▼▼▼
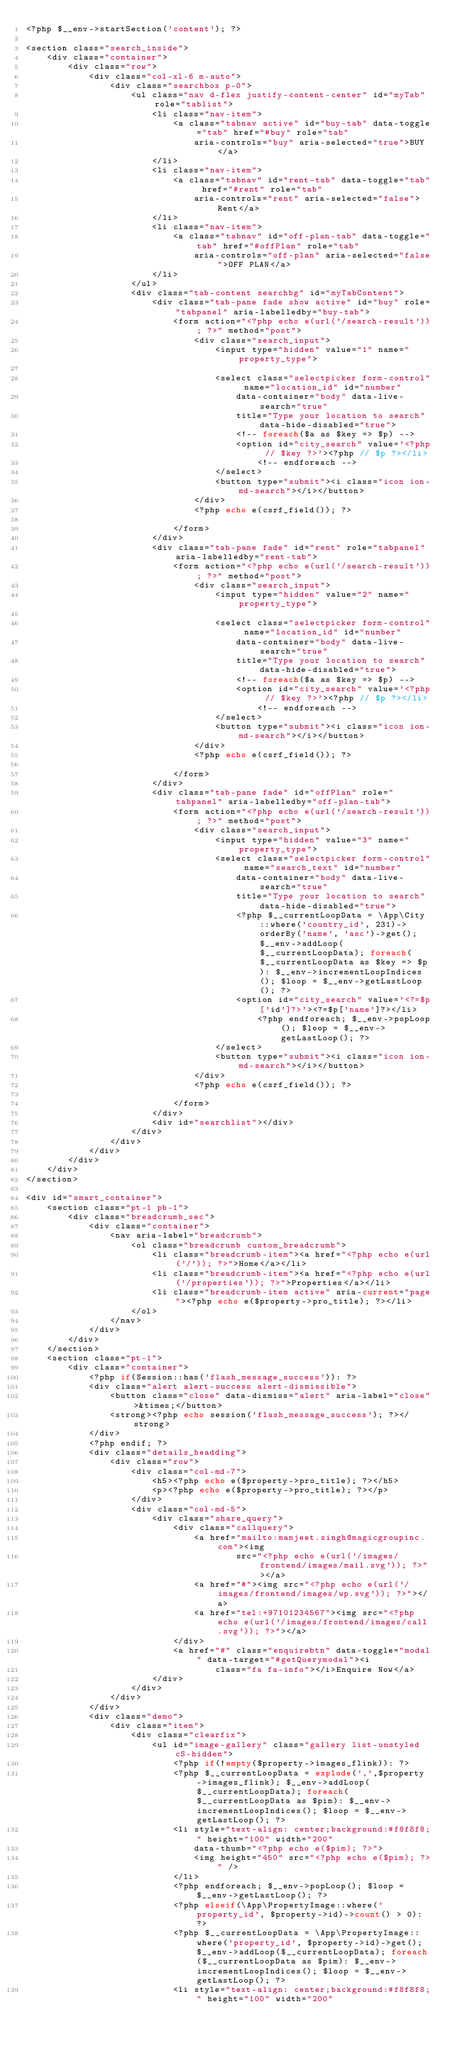<code> <loc_0><loc_0><loc_500><loc_500><_PHP_><?php $__env->startSection('content'); ?>

<section class="search_inside">
    <div class="container">
        <div class="row">
            <div class="col-xl-6 m-auto">
                <div class="searchbox p-0">
                    <ul class="nav d-flex justify-content-center" id="myTab" role="tablist">
                        <li class="nav-item">
                            <a class="tabnav active" id="buy-tab" data-toggle="tab" href="#buy" role="tab"
                                aria-controls="buy" aria-selected="true">BUY</a>
                        </li>
                        <li class="nav-item">
                            <a class="tabnav" id="rent-tab" data-toggle="tab" href="#rent" role="tab"
                                aria-controls="rent" aria-selected="false">Rent</a>
                        </li>
                        <li class="nav-item">
                            <a class="tabnav" id="off-plan-tab" data-toggle="tab" href="#offPlan" role="tab"
                                aria-controls="off-plan" aria-selected="false">OFF PLAN</a>
                        </li>
                    </ul>
                    <div class="tab-content searchbg" id="myTabContent">
                        <div class="tab-pane fade show active" id="buy" role="tabpanel" aria-labelledby="buy-tab">
                            <form action="<?php echo e(url('/search-result')); ?>" method="post">
                                <div class="search_input">
                                    <input type="hidden" value="1" name="property_type">

                                    <select class="selectpicker form-control" name="location_id" id="number"
                                        data-container="body" data-live-search="true"
                                        title="Type your location to search" data-hide-disabled="true">
                                        <!-- foreach($a as $key => $p) -->
                                        <option id="city_search" value='<?php // $key ?>'><?php // $p ?></li>
                                            <!-- endforeach -->
                                    </select>
                                    <button type="submit"><i class="icon ion-md-search"></i></button>
                                </div>
                                <?php echo e(csrf_field()); ?>

                            </form>
                        </div>
                        <div class="tab-pane fade" id="rent" role="tabpanel" aria-labelledby="rent-tab">
                            <form action="<?php echo e(url('/search-result')); ?>" method="post">
                                <div class="search_input">
                                    <input type="hidden" value="2" name="property_type">

                                    <select class="selectpicker form-control" name="location_id" id="number"
                                        data-container="body" data-live-search="true"
                                        title="Type your location to search" data-hide-disabled="true">
                                        <!-- foreach($a as $key => $p) -->
                                        <option id="city_search" value='<?php // $key ?>'><?php // $p ?></li>
                                            <!-- endforeach -->
                                    </select>
                                    <button type="submit"><i class="icon ion-md-search"></i></button>
                                </div>
                                <?php echo e(csrf_field()); ?>

                            </form>
                        </div>
                        <div class="tab-pane fade" id="offPlan" role="tabpanel" aria-labelledby="off-plan-tab">
                            <form action="<?php echo e(url('/search-result')); ?>" method="post">
                                <div class="search_input">
                                    <input type="hidden" value="3" name="property_type">
                                    <select class="selectpicker form-control" name="search_text" id="number"
                                        data-container="body" data-live-search="true"
                                        title="Type your location to search" data-hide-disabled="true">
                                        <?php $__currentLoopData = \App\City::where('country_id', 231)->orderBy('name', 'asc')->get(); $__env->addLoop($__currentLoopData); foreach($__currentLoopData as $key => $p): $__env->incrementLoopIndices(); $loop = $__env->getLastLoop(); ?>
                                        <option id="city_search" value='<?=$p['id']?>'><?=$p['name']?></li>
                                            <?php endforeach; $__env->popLoop(); $loop = $__env->getLastLoop(); ?>
                                    </select>
                                    <button type="submit"><i class="icon ion-md-search"></i></button>
                                </div>
                                <?php echo e(csrf_field()); ?>

                            </form>
                        </div>
                        <div id="searchlist"></div>
                    </div>
                </div>
            </div>
        </div>
    </div>
</section>

<div id="smart_container">
    <section class="pt-1 pb-1">
        <div class="breadcrumb_sec">
            <div class="container">
                <nav aria-label="breadcrumb">
                    <ol class="breadcrumb custom_breadcrumb">
                        <li class="breadcrumb-item"><a href="<?php echo e(url('/')); ?>">Home</a></li>
                        <li class="breadcrumb-item"><a href="<?php echo e(url('/properties')); ?>">Properties</a></li>
                        <li class="breadcrumb-item active" aria-current="page"><?php echo e($property->pro_title); ?></li>
                    </ol>
                </nav>
            </div>
        </div>
    </section>
    <section class="pt-1">
        <div class="container">
            <?php if(Session::has('flash_message_success')): ?>
            <div class="alert alert-success alert-dismissible">
                <button class="close" data-dismiss="alert" aria-label="close">&times;</button>
                <strong><?php echo session('flash_message_success'); ?></strong>
            </div>
            <?php endif; ?>
            <div class="details_headding">
                <div class="row">
                    <div class="col-md-7">
                        <h5><?php echo e($property->pro_title); ?></h5>
                        <p><?php echo e($property->pro_title); ?></p>
                    </div>
                    <div class="col-md-5">
                        <div class="share_query">
                            <div class="callquery">
                                <a href="mailto:manjeet.singh@magicgroupinc.com"><img
                                        src="<?php echo e(url('/images/frontend/images/mail.svg')); ?>"></a>
                                <a href="#"><img src="<?php echo e(url('/images/frontend/images/wp.svg')); ?>"></a>
                                <a href="tel:+97101234567"><img src="<?php echo e(url('/images/frontend/images/call.svg')); ?>"></a>
                            </div>
                            <a href="#" class="enquirebtn" data-toggle="modal" data-target="#getQuerymodal"><i
                                    class="fa fa-info"></i>Enquire Now</a>
                        </div>
                    </div>
                </div>
            </div>
            <div class="demo">
                <div class="item">
                    <div class="clearfix">
                        <ul id="image-gallery" class="gallery list-unstyled cS-hidden">
                            <?php if(!empty($property->images_flink)): ?>
                            <?php $__currentLoopData = explode(',',$property->images_flink); $__env->addLoop($__currentLoopData); foreach($__currentLoopData as $pim): $__env->incrementLoopIndices(); $loop = $__env->getLastLoop(); ?>
                            <li style="text-align: center;background:#f8f8f8;" height="100" width="200"
                                data-thumb="<?php echo e($pim); ?>">
                                <img height="450" src="<?php echo e($pim); ?>" />
                            </li>
                            <?php endforeach; $__env->popLoop(); $loop = $__env->getLastLoop(); ?>
                            <?php elseif(\App\PropertyImage::where('property_id', $property->id)->count() > 0): ?>
                            <?php $__currentLoopData = \App\PropertyImage::where('property_id', $property->id)->get(); $__env->addLoop($__currentLoopData); foreach($__currentLoopData as $pim): $__env->incrementLoopIndices(); $loop = $__env->getLastLoop(); ?>
                            <li style="text-align: center;background:#f8f8f8;" height="100" width="200"</code>
▲▲▲
For every line of the material that holds the word "labelledby", make a copy.

                        <div class="tab-pane fade show active" id="buy" role="tabpanel" aria-labelledby="buy-tab">
                        <div class="tab-pane fade" id="rent" role="tabpanel" aria-labelledby="rent-tab">
                        <div class="tab-pane fade" id="offPlan" role="tabpanel" aria-labelledby="off-plan-tab">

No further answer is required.